The failure to file penalty was imposed as well.
(Garrison, TC CCH 58,401M)
Editor’s Comment:
Not
accounting properly for profits and reporting is a disastrous recipe for
any one. Tax accounting must
be done by a competent professional, guessing should not be engaged in.
The IRS is in the process of cracking down on those preparers who
make “common errors”. If
your accountant is investigated by the IRS, you too may also find
yourself subject to investigation.
Seeking competent professional help will actually save you money!
Trust Modification
In an IRS Letter Ruling, the IRS ruled
that a trust modification did not lead to any portion of the trust being
includible in a beneficiary’s estate.
Two trusts were set up in tandem for beneficiaries with near
identical language. The
beneficiaries were given standard 5% powers allowing them to withdraw or
assign 5% of the trust principle.
The two trusts were merged into one trust to aid administration,
yet keeping beneficiaries with the same rights.
The taxpayer requested a letter ruling and the IRS stated that
beneficial interests, rights, and expectancies did not change
substantially; the tax consequence would not follow. (IRS Letter Ruling
201042004)
Editor’s Comment:
Trust work should only be
performed by a professional who knows the rules inside and out.
Had this counsel not known the limits and tax law, the tax
consequences could have been nearly one third of the amount of the
trusts. Always work with a tax professional for optimal results in these
matters.
Inflation Adjust Amounts
In a Revenue Procedure, the Inflation
Adjusted Amounts have been announced for 2011.
The annual exclusion for gifts in 2011 remains at $13,000.
Furthermore, the first $136,000 of gifts to noncitizen spouses is
not includible in the donors’ annual amount of taxable gifts.

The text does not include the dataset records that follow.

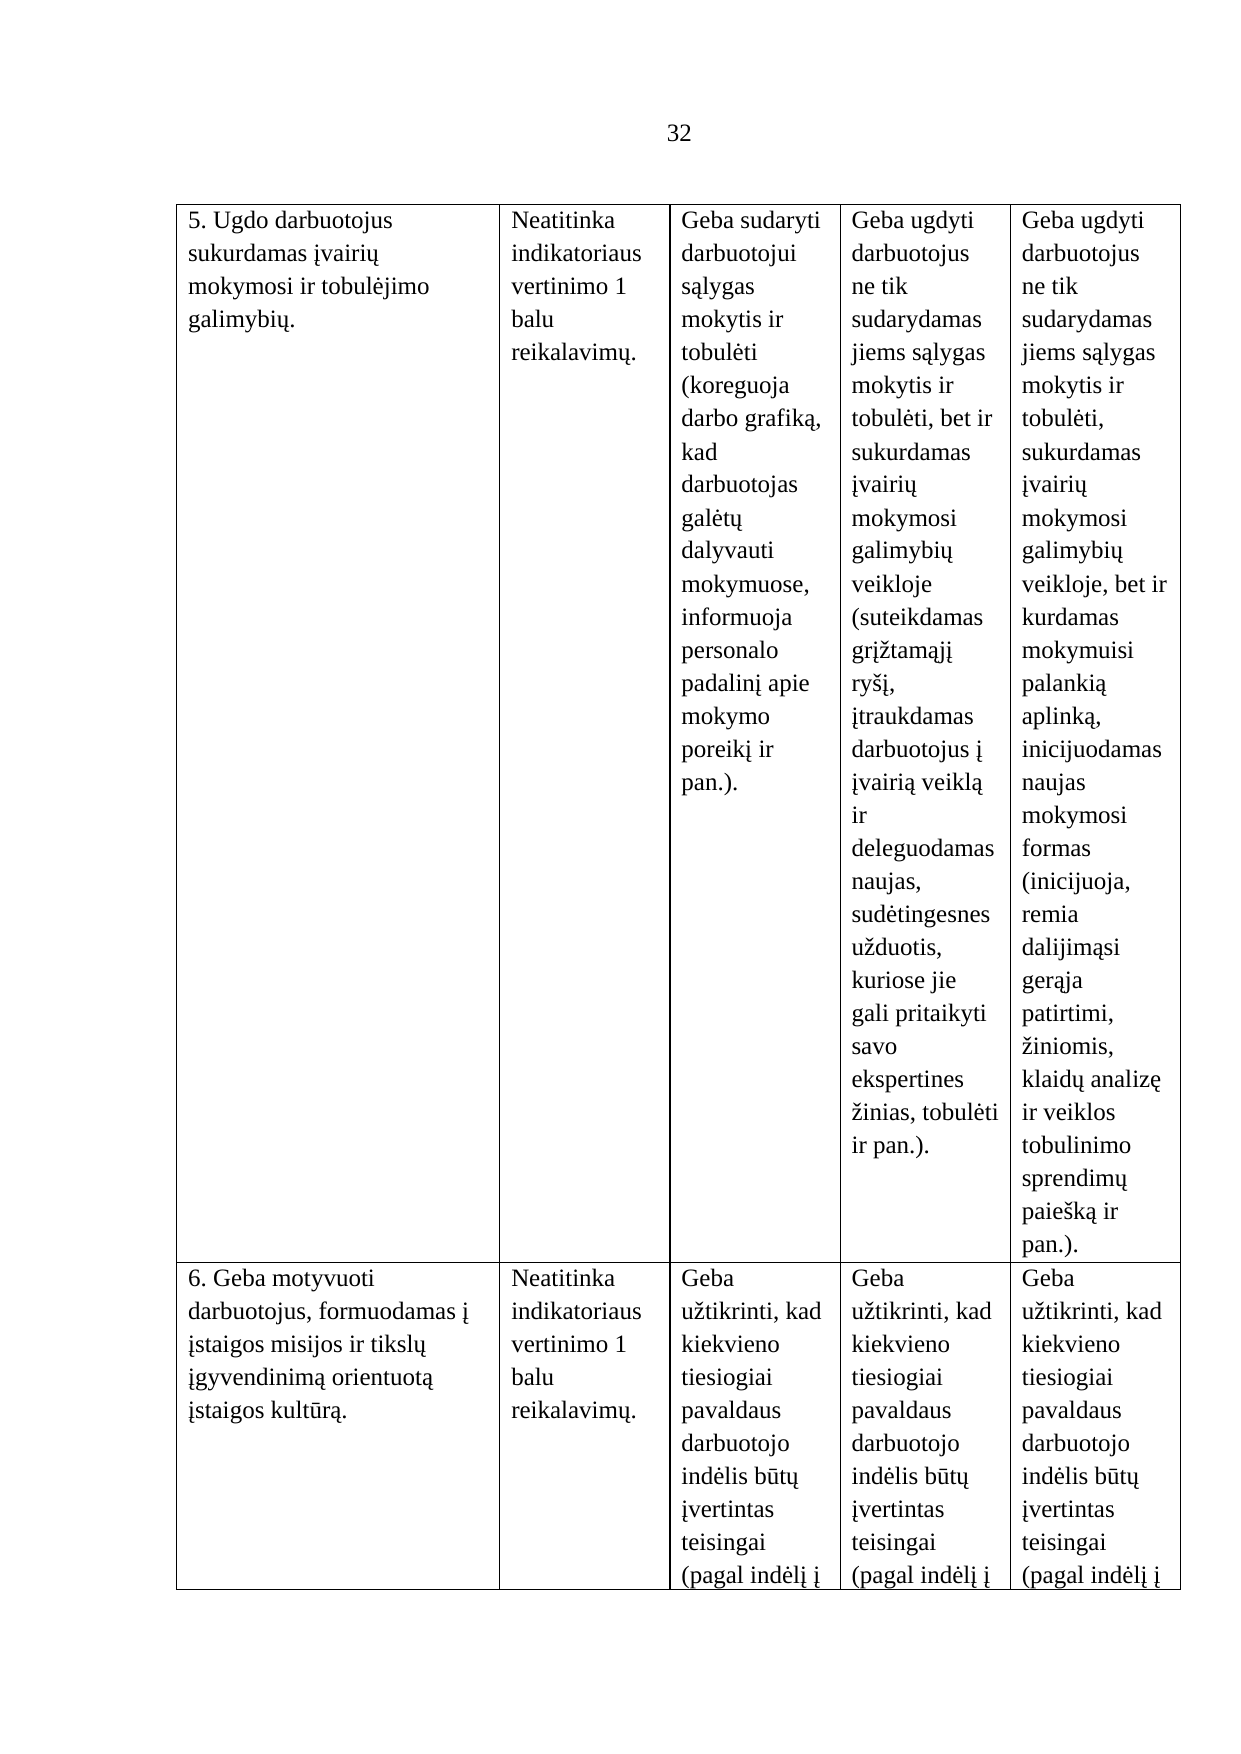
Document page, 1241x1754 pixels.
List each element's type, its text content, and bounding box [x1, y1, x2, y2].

table_cell Geba užtikrinti, kad kiekvieno tiesiogiai pavaldaus darbuotojo indėlis būtų įvertintas teisingai (pagal indėlį į [841, 1263, 1010, 1589]
table_cell Geba ugdyti darbuotojus ne tik sudarydamas jiems sąlygas mokytis ir tobulėti, sukurdamas įvairių mokymosi galimybių veikloje, bet ir kurdamas mokymuisi palankią aplinką, inicijuodamas naujas mokymosi formas (inicijuoja, remia dalijimąsi gerąja patirtimi, žiniomis, klaidų analizę ir veiklos tobulinimo sprendimų paiešką ir pan.). [1011, 205, 1180, 1262]
table_cell 5. Ugdo darbuotojus sukurdamas įvairių mokymosi ir tobulėjimo galimybių. [177, 205, 499, 1262]
table_cell Neatitinka indikatoriaus vertinimo 1 balu reikalavimų. [500, 205, 669, 1262]
table_cell Neatitinka indikatoriaus vertinimo 1 balu reikalavimų. [500, 1263, 669, 1589]
table_cell Geba sudaryti darbuotojui sąlygas mokytis ir tobulėti (koreguoja darbo grafiką, kad darbuotojas galėtų dalyvauti mokymuose, informuoja personalo padalinį apie mokymo poreikį ir pan.). [671, 205, 840, 1262]
table_cell Geba užtikrinti, kad kiekvieno tiesiogiai pavaldaus darbuotojo indėlis būtų įvertintas teisingai (pagal indėlį į [1011, 1263, 1180, 1589]
table_cell Geba užtikrinti, kad kiekvieno tiesiogiai pavaldaus darbuotojo indėlis būtų įvertintas teisingai (pagal indėlį į [671, 1263, 840, 1589]
table_cell 6. Geba motyvuoti darbuotojus, formuodamas į įstaigos misijos ir tikslų įgyvendinimą orientuotą įstaigos kultūrą. [177, 1263, 499, 1589]
table_cell Geba ugdyti darbuotojus ne tik sudarydamas jiems sąlygas mokytis ir tobulėti, bet ir sukurdamas įvairių mokymosi galimybių veikloje (suteikdamas grįžtamąjį ryšį, įtraukdamas darbuotojus į įvairią veiklą ir deleguodamas naujas, sudėtingesnes užduotis, kuriose jie gali pritaikyti savo ekspertines žinias, tobulėti ir pan.). [841, 205, 1010, 1262]

For special use valuation, such as farms, the new amount is now
$1,020,000. The dollar amount relevant to the available 2% interest rate
for financing taxes due is raised up from $1,340,000 to $1,360,000.
(Rev. Proc. 2010-40)
Editor’s Comment:
While not newsworthy per se,
the Internal Revenue Code (as complicated as it is) tries to provide
special protections to those in need.
Farmers transferring land at death can use special use the
valuation amount making the tax burden for the estate less.

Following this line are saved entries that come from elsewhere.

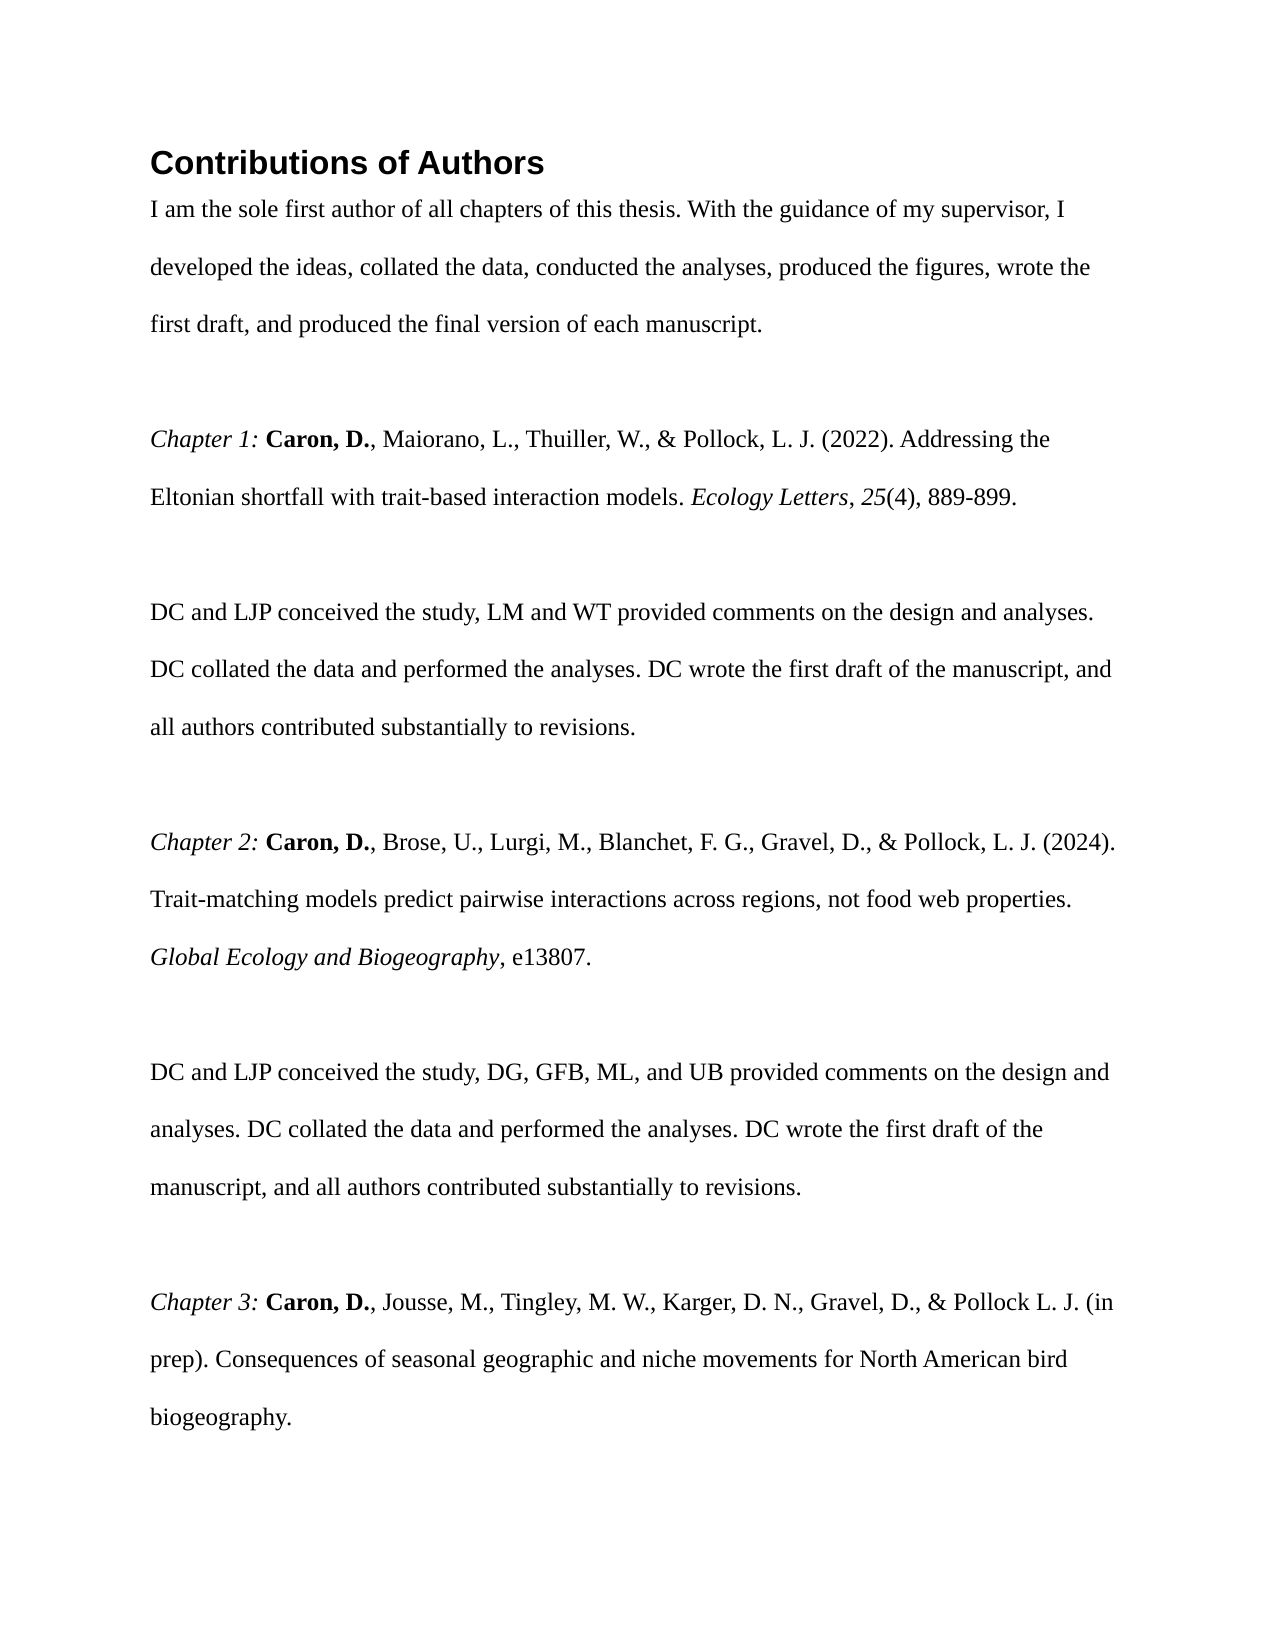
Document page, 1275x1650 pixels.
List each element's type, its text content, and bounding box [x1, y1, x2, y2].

subtitle Contributions of Authors [150, 143, 1125, 182]
text Chapter 3: Caron, D., Jousse, M., Tingley, M. W., Karger, D. N., Gravel, D., & Pollock L. J. (in prep). Consequences of seasonal geographic and niche movements for North American bird biogeography. [150, 1287, 1125, 1430]
text DC and LJP conceived the study, LM and WT provided comments on the design and analyses. DC collated the data and performed the analyses. DC wrote the first draft of the manuscript, and all authors contributed substantially to revisions. [150, 597, 1125, 740]
text I am the sole first author of all chapters of this thesis. With the guidance of my supervisor, I developed the ideas, collated the data, conducted the analyses, produced the figures, wrote the first draft, and produced the final version of each manuscript. [150, 194, 1125, 338]
text Chapter 2: Caron, D., Brose, U., Lurgi, M., Blanchet, F. G., Gravel, D., & Pollock, L. J. (2024). Trait‐matching models predict pairwise interactions across regions, not food web properties. Global Ecology and Biogeography, e13807. [150, 827, 1125, 970]
text Chapter 1: Caron, D., Maiorano, L., Thuiller, W., & Pollock, L. J. (2022). Addressing the Eltonian shortfall with trait‐based interaction models. Ecology Letters, 25(4), 889-899. [150, 424, 1125, 510]
text DC and LJP conceived the study, DG, GFB, ML, and UB provided comments on the design and analyses. DC collated the data and performed the analyses. DC wrote the first draft of the manuscript, and all authors contributed substantially to revisions. [150, 1057, 1125, 1200]

Using a 2% interest rate on taxes that are due is also beneficial
for the first part of the taxable estate as well.
Jury’s Valuation Upheld
In a Circuit Appellate Court, a jury’s
valuation was upheld because there was no reversible error.
The Court considered the fact that negotiations were conducted,
the list and final price of the property, and expert and lay testimony
regarding the valuation presented.
The taxpayer’s counsel made every attempt to discredit the
evidence in the case, yet failed to prove a different value.

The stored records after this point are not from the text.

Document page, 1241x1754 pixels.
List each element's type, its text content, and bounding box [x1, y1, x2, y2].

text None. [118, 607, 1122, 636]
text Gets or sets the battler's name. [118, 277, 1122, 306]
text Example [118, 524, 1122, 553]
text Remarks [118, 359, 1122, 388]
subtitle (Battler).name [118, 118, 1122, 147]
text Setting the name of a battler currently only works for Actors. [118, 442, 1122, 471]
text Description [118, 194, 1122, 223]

Therefore, the Court affirmed the lower court’s finding. (M. Levy
Exr., CA-5, 2010-2 USTC Para
60,608)
Editor’s Comment:
The taxpayer in this case
had excellent representation.
The attorney used every avenue and area of evidence and yet
failed to convince a jury otherwise of the property value.
Attorney Sanctioned
In a probate case, an attorney was
sanctioned by the US Tax Court for intentional delays.
The case started in 1996.
During the time of probate, the attorney (who was eventually
sanctioned) made every attempt to delay the proceeding as long as
possible while having beneficial use of the assets.
The Tax Court then demanded rule to show cause for the delay, yet
the attorney did not even show up at the hearing.
The Court ruled on the case.
Among the evidence cited was the attorney’s college education,
legal education, legal experience, and admission to the US Tax Court.
All of this added to this knowledge and ability to delay the
probate proceedings and the Tax Court to his favor.
Held: Sanction imposed. (M. Allison. Est., CA-4 2010-2 USTC
60,609)
Editor’s Comment:
Delaying the IRS is easy for
those who know how the system works.
Think: dog chasing its tail.
While this is easy, it is 1) Not ethical and 2) Results in
sanctions. It is best to
conduct a proper probate of appropriate length to represent the
beneficiaries and then pay the taxes due or make other arrangements.